However, the lab systems within OWAN cannot connect to www.oracle.com without a proxy, and not only that, when they do try to connect, it takes a long time (we've seen 7.5 minutes on glassfish-x86-1) for the connection to fail and then it fails a "no route to host" message.

glassfishrobot commented 13 years ago

@glassfishrobot Commented ap2257 said: Adding "blocking" to the bug synopsis for easy identification and upcoming bug swat meetings.

glassfishrobot commented 13 years ago

@glassfishrobot Commented anilam said: Thanks everyone for helping to solve this issue. So, this doesn't sound like a GUI specific problem, since any web application may specify this dtd and may end up failing mysteriously without knowing what maybe the cause. I am transferring this to web-container to see if it is possible to log the error so its easer for user to debug the problem. I am also downgrading this from 'blocker'.

Although the redirect should take care of the problem, we will also update the dtd URL to the oracle.com site so we don't rely on the redirect.

glassfishrobot commented 13 years ago

@glassfishrobot Commented anilam said: Think Alex and I tried to update the issue at the same time, and mine removed his changes. I will change the synopsis and put back the blocker priority since thats what QA thinks it should be.

glassfishrobot commented 13 years ago

@glassfishrobot Commented tmueller said: Anissa, The redirect is not the problem. Lab machines are still able to get to www.sun.com just fine without a proxy. It is the access to www.oracle.com after the redirect that is the problem.

glassfishrobot commented 13 years ago

@glassfishrobot Commented ap2257 said: I just tried by setting the proxy as a general environment setting on my setup as follows:

Proxy Setup

http_proxy=http://www-proxy.us.oracle.com:80/ export http_proxy

but I still see the same problem and I'm not able to bring up the Admin Console. I believe it should come up with my setting if the proxy is the problem. I'm not clear on what the workaround to this problem. I think we still have a problem.

glassfishrobot commented 13 years ago

@glassfishrobot Commented sirajg said: I tried using the workaround by specifying these in the domain.xml :

-Dhttp.proxyHost=www-proxy.us.oracle.com -Dhttp.proxyPort=80

in and the console comes up properly.

glassfishrobot commented 13 years ago

@glassfishrobot Commented ss141213 said: Few observations:

Alex,

Use -Dhttp.proxyHost=www-proxy.us.oracle.com in domain.xml. See [1].

Anissa/Tom,

File a bug against deployment/web container, whoever is responsible for creating *WebXmlParser, to not fetch the dtd from Internet. They should be able to match the dtd from glassfish/lib/dtds. We must NOT assume there is Internet connection available to use admin console or any web app for that matter.

Sahoo

[1] http://download.oracle.com/javase/6/docs/technotes/guides/net/proxies.html

glassfishrobot commented 13 years ago

@glassfishrobot Commented anilam said: This bug is already under web container, assigned to oleksiys as I thought if the dtd cannot be fetched, error should be logged so user is informed what maybe the problem. But Sahoo's suggestion about fixing the code so that it doesn't fetch the dtd from the internet is even better. GlassFish shouldn't require to have network access in order for any web application to work.
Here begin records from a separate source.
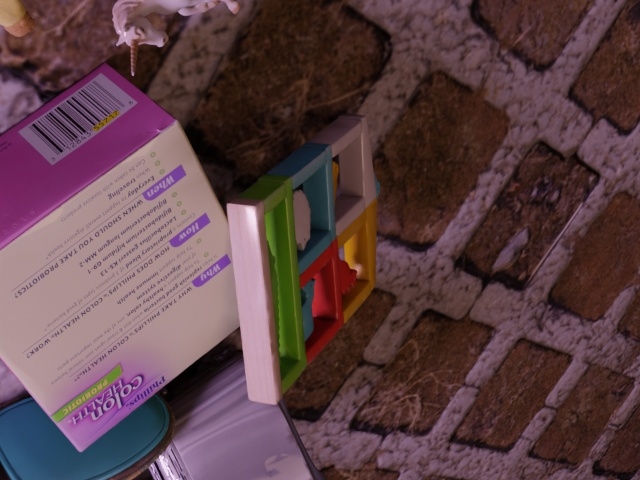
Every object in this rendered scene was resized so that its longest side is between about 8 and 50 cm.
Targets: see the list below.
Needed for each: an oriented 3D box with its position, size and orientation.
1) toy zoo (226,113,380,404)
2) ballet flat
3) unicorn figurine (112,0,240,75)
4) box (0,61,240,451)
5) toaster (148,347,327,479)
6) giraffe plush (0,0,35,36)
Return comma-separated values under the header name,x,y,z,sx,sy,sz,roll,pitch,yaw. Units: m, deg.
name,x,y,z,sx,sy,sz,roll,pitch,yaw
toy zoo,0.000,0.000,1.072,0.293,0.030,0.192,-43,135,-56
ballet flat,-0.300,0.223,1.016,0.349,0.123,0.123,-19,132,-34
unicorn figurine,-0.109,-0.210,0.891,0.111,0.060,0.161,-1,104,-43
box,-0.190,0.018,0.939,0.213,0.117,0.243,-39,139,-15
toaster,-0.090,0.232,1.153,0.146,0.129,0.227,-27,97,-18
giraffe plush,-0.249,-0.217,0.678,0.181,0.210,0.170,28,66,-40

So, I will just leave this bug as it is for web container to fix it by not depending on the network, instead of opening up another bug.

thanks.

glassfishrobot commented 13 years ago

@glassfishrobot Commented ap2257 said: Just to make sure I understand. Siraj and Sahoo's suggestion is only a workaround for this problem. The real solution will happen when the Web Container is fixed. Correct? Can someone confirm?
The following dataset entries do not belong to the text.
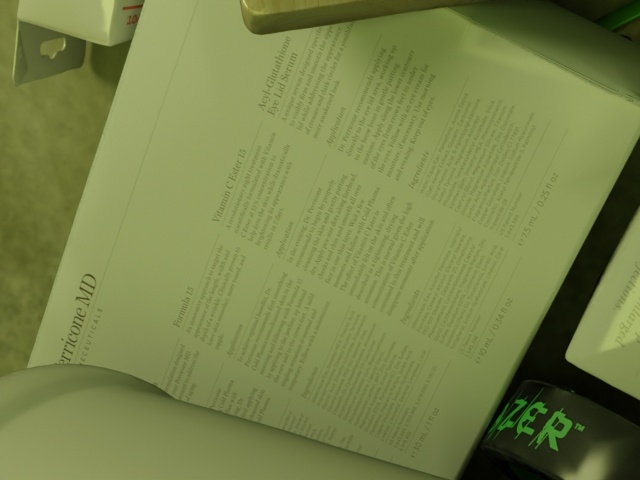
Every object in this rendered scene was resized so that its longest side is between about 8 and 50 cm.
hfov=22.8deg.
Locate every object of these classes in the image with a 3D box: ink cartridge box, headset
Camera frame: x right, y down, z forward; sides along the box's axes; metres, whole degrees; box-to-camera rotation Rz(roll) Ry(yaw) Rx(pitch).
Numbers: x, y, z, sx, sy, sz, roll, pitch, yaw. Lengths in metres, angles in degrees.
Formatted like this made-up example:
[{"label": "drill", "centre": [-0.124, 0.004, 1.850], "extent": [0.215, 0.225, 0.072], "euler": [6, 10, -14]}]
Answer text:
[{"label": "ink cartridge box", "centre": [-0.127, -0.190, 0.984], "extent": [0.067, 0.115, 0.198], "euler": [17, 107, 12]}, {"label": "headset", "centre": [0.278, 0.191, 0.905], "extent": [0.394, 0.243, 0.185], "euler": [39, 82, -8]}]

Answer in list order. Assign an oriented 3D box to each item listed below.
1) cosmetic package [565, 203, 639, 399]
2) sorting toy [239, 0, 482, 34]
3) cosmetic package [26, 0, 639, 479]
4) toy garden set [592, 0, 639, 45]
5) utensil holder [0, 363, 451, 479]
[{"label": "cosmetic package", "centre": [0.245, 0.016, 0.882], "extent": [0.151, 0.183, 0.151], "euler": [28, 108, 9]}, {"label": "sorting toy", "centre": [0.066, -0.259, 0.830], "extent": [0.255, 0.089, 0.257], "euler": [-9, 72, -3]}, {"label": "cosmetic package", "centre": [0.000, 0.000, 0.963], "extent": [0.284, 0.097, 0.377], "euler": [27, 120, 7]}, {"label": "toy garden set", "centre": [0.093, -0.183, 0.955], "extent": [0.203, 0.049, 0.244], "euler": [-27, 93, 20]}, {"label": "utensil holder", "centre": [-0.021, 0.260, 0.790], "extent": [0.385, 0.327, 0.328], "euler": [12, 106, 36]}]
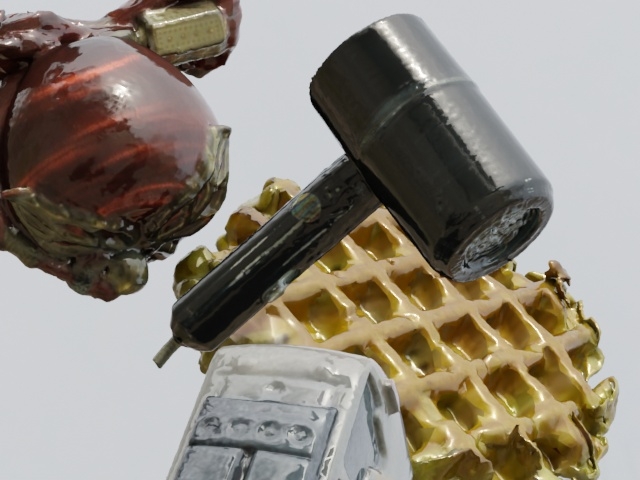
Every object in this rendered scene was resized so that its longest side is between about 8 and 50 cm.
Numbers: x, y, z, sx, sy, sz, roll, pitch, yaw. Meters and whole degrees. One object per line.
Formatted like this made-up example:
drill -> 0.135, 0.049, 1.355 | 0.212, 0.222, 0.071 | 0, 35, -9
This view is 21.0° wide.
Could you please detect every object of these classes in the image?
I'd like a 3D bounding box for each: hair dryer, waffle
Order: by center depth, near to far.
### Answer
hair dryer -> 0.000, 0.000, 0.859 | 0.124, 0.219, 0.071 | 57, 15, 24
waffle -> 0.058, 0.061, 1.180 | 0.325, 0.302, 0.068 | 21, -54, -11

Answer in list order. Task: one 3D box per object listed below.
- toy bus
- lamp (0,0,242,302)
toy bus -> -0.043, 0.194, 0.729 | 0.097, 0.342, 0.138 | 3, -45, 17
lamp -> -0.128, -0.076, 1.133 | 0.151, 0.215, 0.223 | -14, -91, 65

glassfishrobot commented 13 years ago

@glassfishrobot Commented anilam said: Thats my expectation too. After WebHandler is modified to fetch the dtd locally, instead of going through the network to get it from oracle.com, this bug will then be marked resolved.

glassfishrobot commented 13 years ago

@glassfishrobot Commented @shingwaichan said: I think other DTDs will have the same issue, too. I think the deployment side should try to look at local first before going to internet.

glassfishrobot commented 13 years ago

@glassfishrobot Commented ss141213 said: There are two bugs here, so there should be two bugs filed in the system to track them:

a) web container should not allow the app to be deployed when WarHandler failed to parse sun-web.xml. b) web container and/or deployment backend must not rely on Internet connectivity.

a & #b are independent of each other.

glassfishrobot commented 13 years ago

@glassfishrobot Commented oleksiys said: sorry guys, I'm not looking into this issue reassigning to Shing Wai (as web container owner), so he can dispatch it properly.

glassfishrobot commented 13 years ago

@glassfishrobot Commented @tjquinno said: Shing Wai and Sahoo,

The deployment code which parses descriptors already reads DTDs and schemas from the local copies if local copies exist. (See deployment/dol SaxParserHandler.java).

The only time this will not happen is if the XML document refers to a DTD or schema for which GlassFish does not have a local copy. Then it will try to find the DTD or schema over the network. (In the past the usual cause for this we have seen is if the descriptor contains a misspelling of the system ID or public ID or the schema path.)

It looks as if the parsers in WarHandler might need to invoke setXMLResolver (with a suitable resolver implementation) on the factory before creating the XML reader.

If someone can document a case where deployment's parsing is failing to find a local copy that exists please open a separate issue.

glassfishrobot commented 13 years ago

@glassfishrobot Commented ss141213 said: Tim,

That's what I have been saying. *WebXmlParser in WarHandler does not set the resolver to first search local store for dtds. You can see the code for these classes in WarHandler.java. That's why I asked Anissa & team to file a separate bug for fixing the dtd resolver issue.

Sahoo

glassfishrobot commented 13 years ago

@glassfishrobot Commented @tjquinno said: Sahoo,

You also said "web container and/or deployment backend must not rely on Internet connectivity." Plus Shing-wai earlier said "the deployment side should try to look at local first."

Deployment does not seem to be implicated in this issue, plus its XML parsing does not access the network - unless the requested DTD or schema is not in the local set. I wanted to eliminate any potential confusion your and Shing Wai's comments might have caused so no one was expecting a fix from deployment for this issue.

glassfishrobot commented 13 years ago

@glassfishrobot Commented ss141213 said: Tim,

Did you look at SunWebXmlParser in WarHandler.java? None of those Sun/GlassFish/WebLogicWebXmlParsers instruct the XmlParser to search the local DTD store. Now, deployment or web container team has to figure out who owns that piece of code.

Sahoo

glassfishrobot commented 13 years ago

@glassfishrobot Commented @tjquinno said: Sahoo,

I had already looked at the code, as indicated by my earlier comment.

Given that WarHandler is in the web/war-util module and looking at the svn check-in annotations for those lines in the class, the web container team clearly should own this issue. Your and Shing Wai's mention of deployment added confusion I wanted to clear up.